Jerry Fischer, Executive Director of the Jewish Federation of Southeastern, CT.

In this engagingly versatile collection of stories, Artie Dean, a dentist by trade and a writer by birth, plumbs afresh post-war Jewish life here with wit, intimacy, candor and nostalgia about characters and community, family and personal history, all the while serving up unflinching and indelibly familiar portraits of who we were, are and ever will be.

Steve Slosberg, Retired columnist for the New London Day.

If you want honest and genuine sentiment that touches the heart and soul, sip Artie Dean’s My Two Cents slowly. Here you will enjoy writing that resonates with rich and riveting treasure—at once a touching personal diary of emotion, empathy and angst, a reflective biographically driven narrative that flirts with fiction, and a penetrating tribute to the measure of our humanity. Here, regardless of your background and experience, you will find real-life full of hopes, fears, dreams, humor, joy, sadness and longing.

Marc Goldsmith, Professor of Communication Arts and Humanities, Mitchell College, New London, CT.


I have always envied writers who lived through difficult times—war, famine, international intrigue. If they followed the old adage, “Write what you know,” they had plenty of material. When I first began to write, in my mid-forties, often at 4 or 5 in the morning, I feared that my “ordinary life,” as a first-generation Jewish-American, was far from interesting. Yet, despite my misgivings, I plunged ahead, letting my everyday concerns surface in my writing.

Frequently I felt my stories wrote themselves, with characters and plots that seemed to jump from my subconscious. Conflicts with children, parents, and teachers pervaded my early morning ramblings. Doubts about the proper way to live my life and raise my children resurfaced, steeped in my memories of a childhood spent trying to assimilate.

To my delight, readers seemed to find a connection with my characters’ struggles, ordinary as they might be. So I continued writing, working out my protagonists’ conflicts when mine were much harder to resolve.

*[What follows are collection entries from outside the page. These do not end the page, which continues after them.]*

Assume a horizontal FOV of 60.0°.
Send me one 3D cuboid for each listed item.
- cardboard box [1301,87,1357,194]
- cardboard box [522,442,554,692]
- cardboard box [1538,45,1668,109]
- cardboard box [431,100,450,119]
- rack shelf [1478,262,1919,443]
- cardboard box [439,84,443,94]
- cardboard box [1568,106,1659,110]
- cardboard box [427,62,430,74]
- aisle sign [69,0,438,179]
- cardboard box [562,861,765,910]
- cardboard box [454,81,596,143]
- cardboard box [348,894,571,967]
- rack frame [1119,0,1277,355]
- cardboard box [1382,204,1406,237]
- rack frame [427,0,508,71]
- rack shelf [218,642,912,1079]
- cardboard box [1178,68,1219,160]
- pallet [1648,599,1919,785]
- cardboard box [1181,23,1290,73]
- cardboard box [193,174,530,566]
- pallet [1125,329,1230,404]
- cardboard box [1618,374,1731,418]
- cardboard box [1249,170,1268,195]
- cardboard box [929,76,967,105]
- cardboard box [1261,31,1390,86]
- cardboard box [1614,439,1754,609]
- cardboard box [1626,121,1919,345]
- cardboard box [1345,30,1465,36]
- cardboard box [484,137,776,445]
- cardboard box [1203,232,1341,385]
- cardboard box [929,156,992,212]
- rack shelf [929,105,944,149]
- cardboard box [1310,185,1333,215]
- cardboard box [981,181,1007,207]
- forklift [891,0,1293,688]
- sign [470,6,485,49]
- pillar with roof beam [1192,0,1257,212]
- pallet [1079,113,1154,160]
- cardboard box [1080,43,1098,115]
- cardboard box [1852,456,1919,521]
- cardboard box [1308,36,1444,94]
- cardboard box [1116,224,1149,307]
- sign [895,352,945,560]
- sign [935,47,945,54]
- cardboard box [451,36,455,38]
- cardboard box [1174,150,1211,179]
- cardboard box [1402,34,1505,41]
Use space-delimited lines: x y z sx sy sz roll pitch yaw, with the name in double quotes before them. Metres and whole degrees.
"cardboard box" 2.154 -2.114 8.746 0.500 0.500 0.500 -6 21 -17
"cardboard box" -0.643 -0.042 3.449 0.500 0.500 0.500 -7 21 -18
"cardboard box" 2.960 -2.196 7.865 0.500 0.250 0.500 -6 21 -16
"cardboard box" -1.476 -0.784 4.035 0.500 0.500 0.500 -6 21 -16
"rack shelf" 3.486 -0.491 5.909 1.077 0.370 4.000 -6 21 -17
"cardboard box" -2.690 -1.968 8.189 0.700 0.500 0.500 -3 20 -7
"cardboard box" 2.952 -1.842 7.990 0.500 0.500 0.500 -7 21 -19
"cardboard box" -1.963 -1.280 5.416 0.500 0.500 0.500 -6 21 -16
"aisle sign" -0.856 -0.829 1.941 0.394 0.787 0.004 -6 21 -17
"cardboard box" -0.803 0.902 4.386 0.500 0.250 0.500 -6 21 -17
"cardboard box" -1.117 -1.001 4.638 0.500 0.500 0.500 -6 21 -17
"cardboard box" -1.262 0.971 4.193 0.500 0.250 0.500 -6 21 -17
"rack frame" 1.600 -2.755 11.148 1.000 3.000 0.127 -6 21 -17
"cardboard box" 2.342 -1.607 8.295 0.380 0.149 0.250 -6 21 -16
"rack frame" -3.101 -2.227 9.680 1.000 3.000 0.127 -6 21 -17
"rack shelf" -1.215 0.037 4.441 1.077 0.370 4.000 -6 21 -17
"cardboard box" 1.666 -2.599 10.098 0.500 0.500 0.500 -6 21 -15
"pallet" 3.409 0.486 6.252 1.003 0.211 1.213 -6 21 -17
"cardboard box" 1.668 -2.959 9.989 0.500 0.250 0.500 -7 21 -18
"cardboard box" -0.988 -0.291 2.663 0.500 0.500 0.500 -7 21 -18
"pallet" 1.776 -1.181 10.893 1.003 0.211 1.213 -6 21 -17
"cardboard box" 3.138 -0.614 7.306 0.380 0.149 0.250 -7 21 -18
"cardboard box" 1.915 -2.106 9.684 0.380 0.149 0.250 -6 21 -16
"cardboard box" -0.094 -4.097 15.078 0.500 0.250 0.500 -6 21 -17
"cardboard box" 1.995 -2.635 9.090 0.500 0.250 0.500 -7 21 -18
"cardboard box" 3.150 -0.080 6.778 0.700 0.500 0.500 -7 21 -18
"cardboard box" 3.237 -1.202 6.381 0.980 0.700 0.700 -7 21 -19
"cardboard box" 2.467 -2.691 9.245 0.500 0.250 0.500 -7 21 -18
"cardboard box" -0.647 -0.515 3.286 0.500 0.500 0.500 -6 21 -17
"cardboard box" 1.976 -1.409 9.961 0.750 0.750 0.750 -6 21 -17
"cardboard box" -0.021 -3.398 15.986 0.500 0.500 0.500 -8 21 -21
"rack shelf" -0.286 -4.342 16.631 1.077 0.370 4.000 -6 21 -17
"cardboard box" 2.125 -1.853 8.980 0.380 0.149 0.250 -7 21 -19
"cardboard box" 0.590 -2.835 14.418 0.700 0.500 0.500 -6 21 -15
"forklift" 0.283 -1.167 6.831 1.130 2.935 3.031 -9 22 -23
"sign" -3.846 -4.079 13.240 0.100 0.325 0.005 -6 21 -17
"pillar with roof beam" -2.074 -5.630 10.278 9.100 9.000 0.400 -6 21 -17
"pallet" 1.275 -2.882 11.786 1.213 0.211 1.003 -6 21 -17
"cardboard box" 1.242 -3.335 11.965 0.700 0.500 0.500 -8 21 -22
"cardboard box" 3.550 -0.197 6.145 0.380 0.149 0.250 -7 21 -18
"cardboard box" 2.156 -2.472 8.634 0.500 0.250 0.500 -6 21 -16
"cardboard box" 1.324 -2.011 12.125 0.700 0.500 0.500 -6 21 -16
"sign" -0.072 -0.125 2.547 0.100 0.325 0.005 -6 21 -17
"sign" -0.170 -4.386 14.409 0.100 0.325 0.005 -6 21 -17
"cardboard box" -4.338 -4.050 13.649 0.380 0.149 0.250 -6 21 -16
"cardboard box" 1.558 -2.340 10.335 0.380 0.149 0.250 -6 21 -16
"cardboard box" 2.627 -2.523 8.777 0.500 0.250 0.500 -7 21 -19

My sensibilities reflect the Jewish-American experience of a generation born in the fifties to immigrant parents. I was born in New York in 1953, to Jewish parents from Austria whose lives were shattered by the holocaust. Miraculously, as teenagers, they each escaped Vienna on the Kindertransport, lived out the war years in London during the Blitz, and eventually settled in America. They met in Philadelphia on an arranged date. Within a short time, they married and settled in New York City to pursue the American dream, in the Washington Heights neighborhood, a stone’s throw from the George Washington Bridge. That’s when I came into the picture, blithely unaware of my parents’ travails, or the tragedy that had befallen our family at the hands of the Nazis in the shtetls of Eastern Poland.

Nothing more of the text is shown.